Don’t know that it will get more than just that committee hearing, however.

House Bill 892 would legalize oils containing CBD, a non-euphoric component of marijuana known to treat epilepsy and other chronic medical conditions. By 2018, the measure would allow the state to regulate and distribute the oils to epilepsy patients whose symptoms have not responded to federally approved medication. The measure was left pending by the House Committee on Public Health.

At the hearing, supporters of the proposal, also known as the Compassionate Use Act, recounted the seizures endured by children who they say could benefit from derivatives of medical marijuana. But opponents of the bill, including representatives of law enforcement agencies, expressed concerns that increased access to any component of marijuana would jeopardize public safety.

“This is a focused bill designed to give people with intractable epilepsy another option when others have failed,” the bill’s author, state Rep. Stephanie Klick, R-Fort Worth, told the committee. “[CBD oils] have no street value, and these families have no other options.”

The representative’s interest in medical marijuana came after she met constituents in her district who have children suffering from Dravet syndrome, a rare form of epilepsy that begins in infancy.

“If CBD weren’t available in the number of states it is available in, we wouldn’t be having this conversation today,” said M. Scott Perry, a pediatric neurologist with Cook Children’s in Fort Worth, testifying in favor of the bill. “The human data on CBD use is very encouraging. What is frustrating is that I can’t prescribe CBD to patients in my state, in Texas.”

[…]

Opponents of the bill expressed concerns over public safety and increased recreational use of marijuana as an unwanted consequence of increasing access to CBD oils. Others worried that the products would be hard to regulate.

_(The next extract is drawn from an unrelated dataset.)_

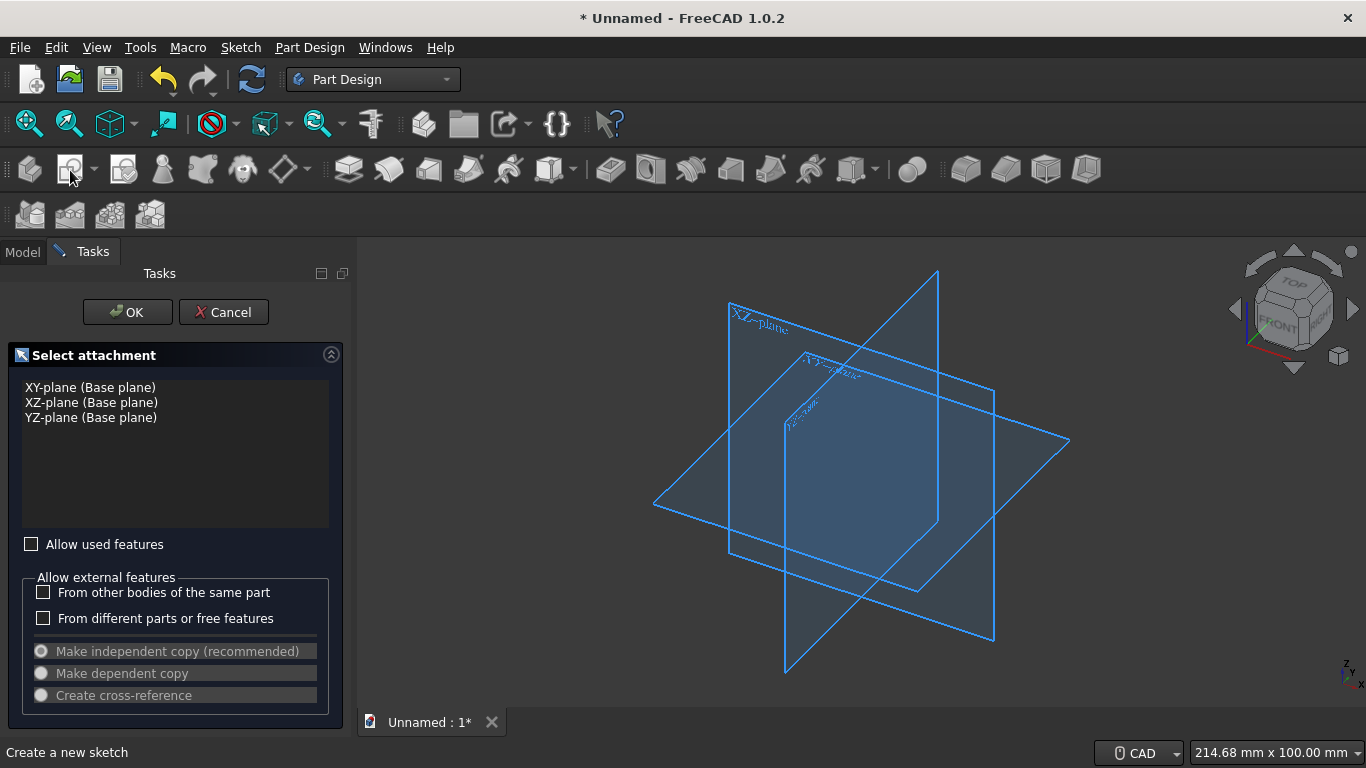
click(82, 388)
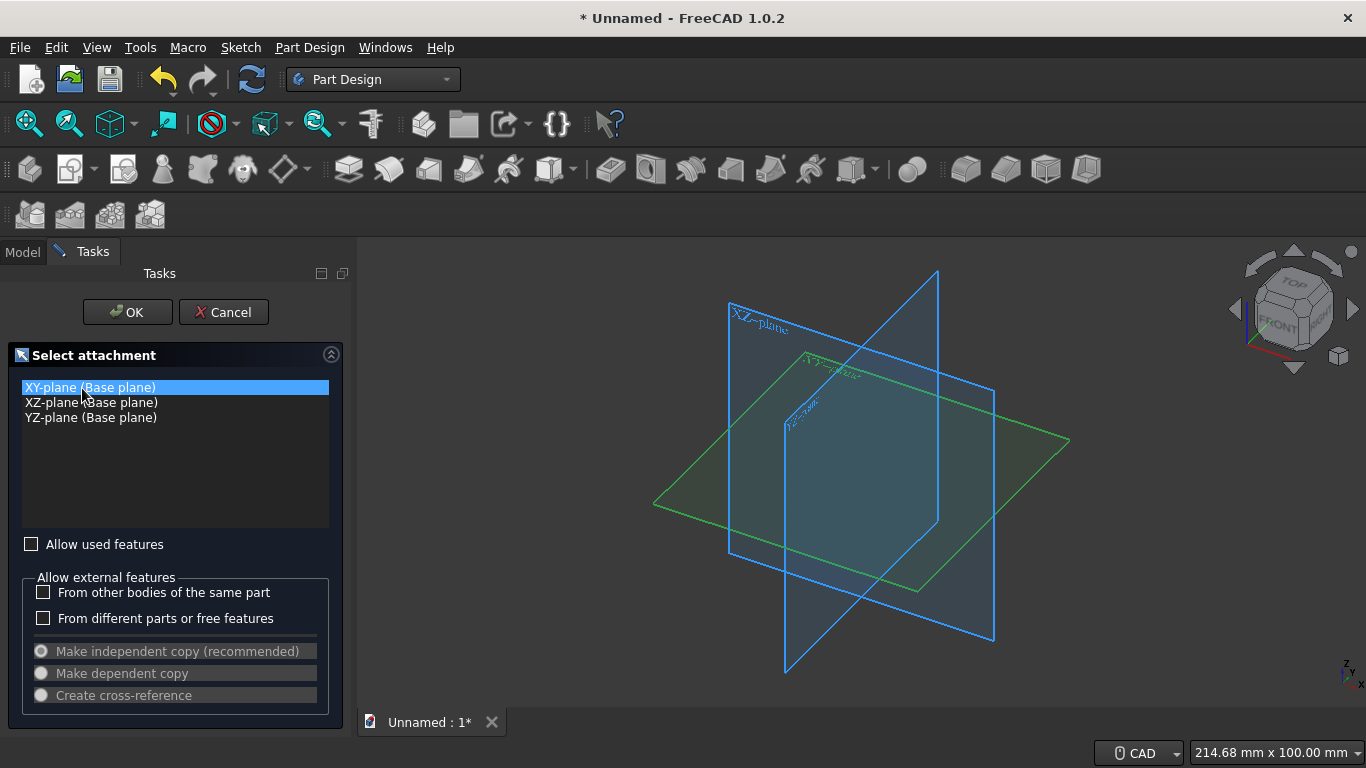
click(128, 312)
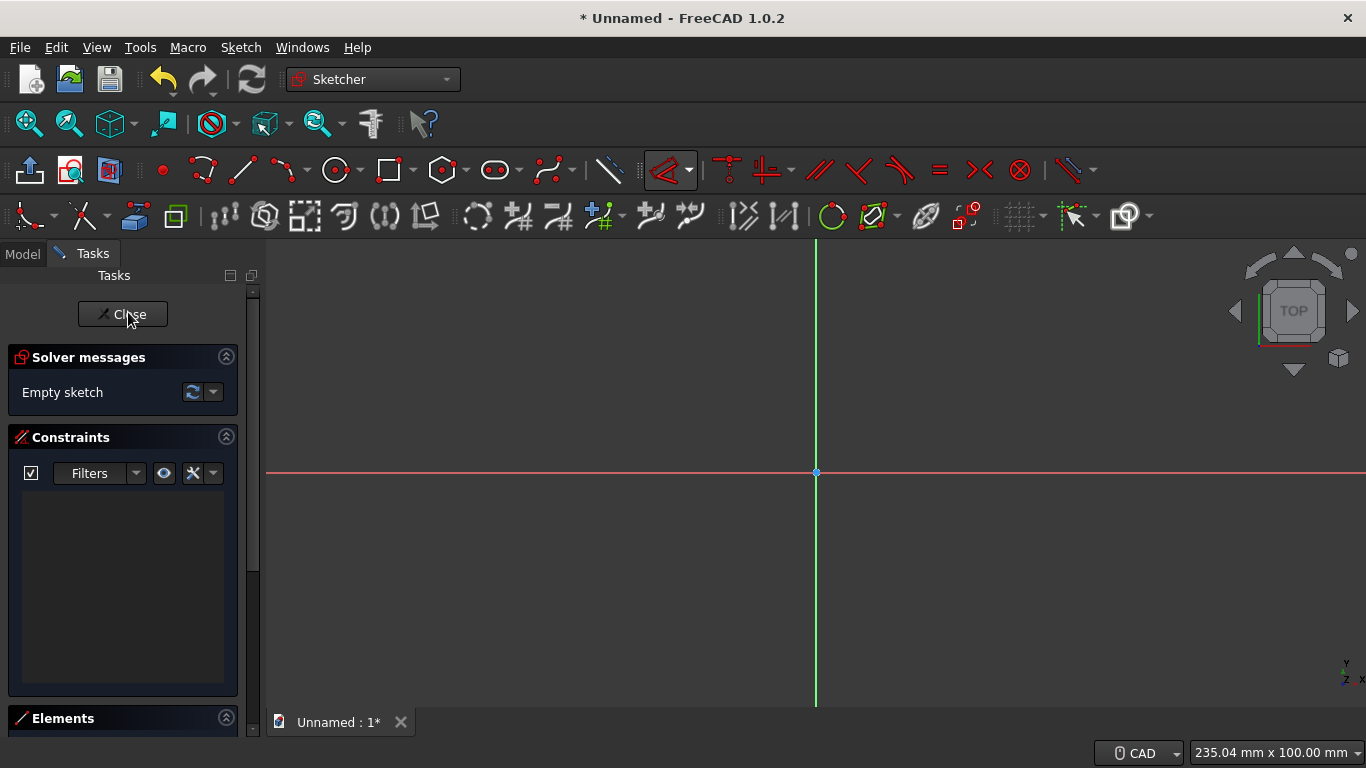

“I am concerned about the other children in the household getting ahold of this medication when the parents aren’t around,” said Denton County Sheriff William Travis, speaking on behalf of the Sheriffs’ Association of Texas. “As a father, I would do anything for my child. But putting low amounts of marijuana oil in a child’s body where the brain is not fully developed is not the way.”

The Texas Medical Association has made clear that it does not support legalizing marijuana for medical use. “There is no validated science to support its use in broad treatment,” the association said in a statement earlier this year.

But some medical marijuana advocates are still reluctant to support the proposed Texas Compassionate Use Act, calling it appeasement legislation that would do little to help Texans with epilepsy — and nothing for those with other diseases, such as cancer, that can be treated with medical marijuana.

See here, here, and here for some background. I’m all about the science, but the TMA’s statement seem way too restrictive to me. Surely there are studies showing the efficacy of marijuana for some things. I favor a much broader loosening of marijuana laws than this, so I’m having a hard time understanding why this tiny baby step is so controversial. What are we really afraid of here? Unfair Park has more.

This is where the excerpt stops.